The residents of Khan Younis cycle between fleeing bombs and trying to rebuild.
In an unheated warehouse in Rafah, Ahmad Najjar ran a power cable from the battery of a banged-up company car to his laptop and sat down to work. Najjar, a thirty-eight-year-old pharmacist, is a medical-donations officer for American Near East Refugee Aid, a nonprofit based in Washington, D.C. It was a cold day in March, and he wore a jacket and a vest as he inventoried towers of shrink-wrapped cartons of donations. There were blood-pressure cuffs, disinfectant, and medicine, but no crutches or oxygen cylinders. Trucks headed for Gaza that contain any metal are sent back at the border.
Najjar had jerry-rigged a workstation: two stacked boxes for a chair and a larger one for a desk, where he propped his laptop to set up a distribution plan. The supplies were urgently needed.
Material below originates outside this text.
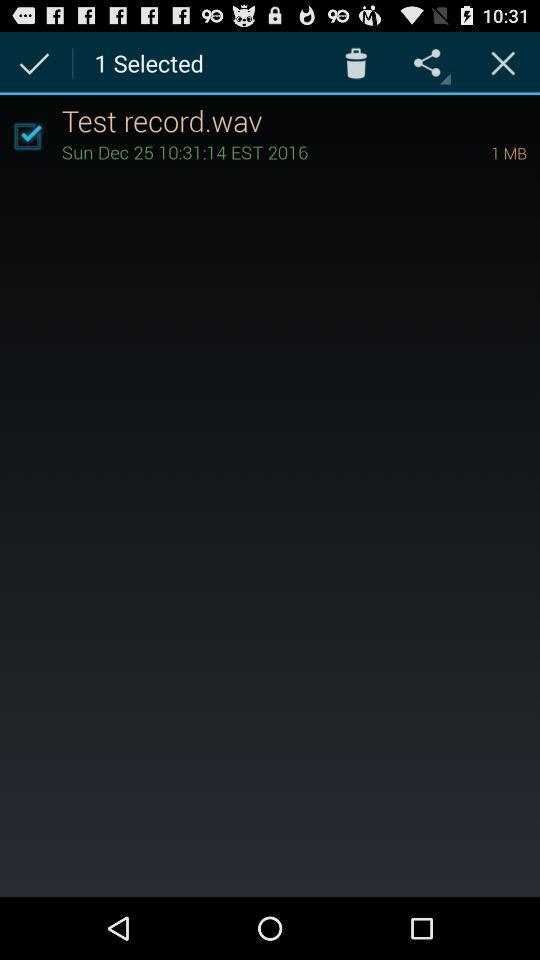What is the size of the "Test record.wav" file? The size of the "Test record.wav" file is 1 MB. 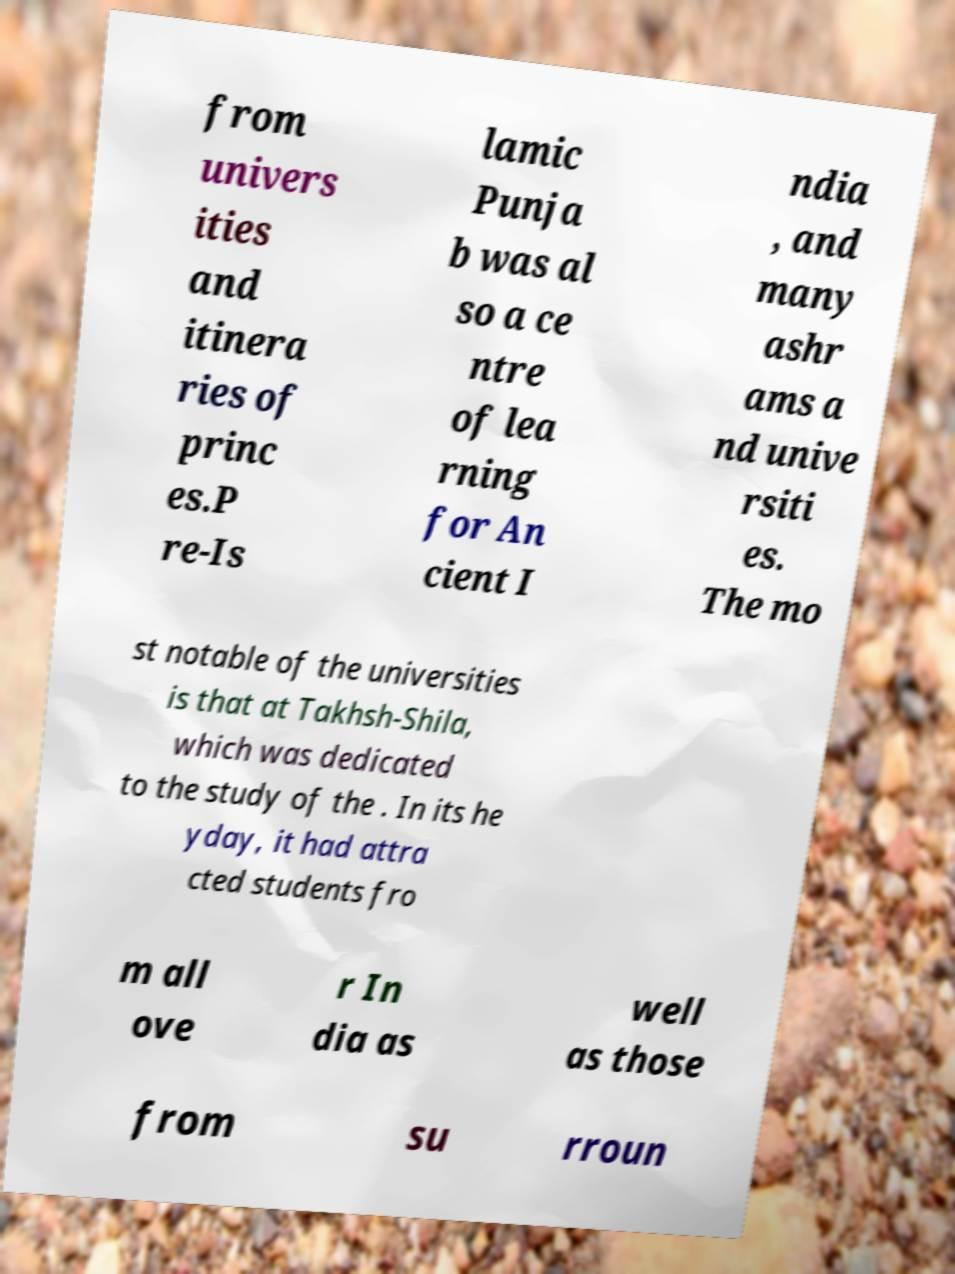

After half a year of war, fewer than a dozen hospitals in Gaza remained functional, and then just barely. Nurses used dishcloths as bandages; surgeons operated by cellphone light, steadying themselves against the booms of incoming shells.
The organization Najjar worked for, known as Anera, was founded in 1968, to provide aid to Palestinian refugees of the Six-Day War. Today, it has a permanent staff of twelve in Gaza and a hundred in the region, supplemented by volunteers and contractors as needed. Anera disperses about a hundred and fifty million dollars a year in humanitarian and development aid, from donors around the world, and oversees many of the programs that it supplies. Sean Carroll, Anera’s president and C.E.O., describes it as a “last-mile delivery partner in Gaza.”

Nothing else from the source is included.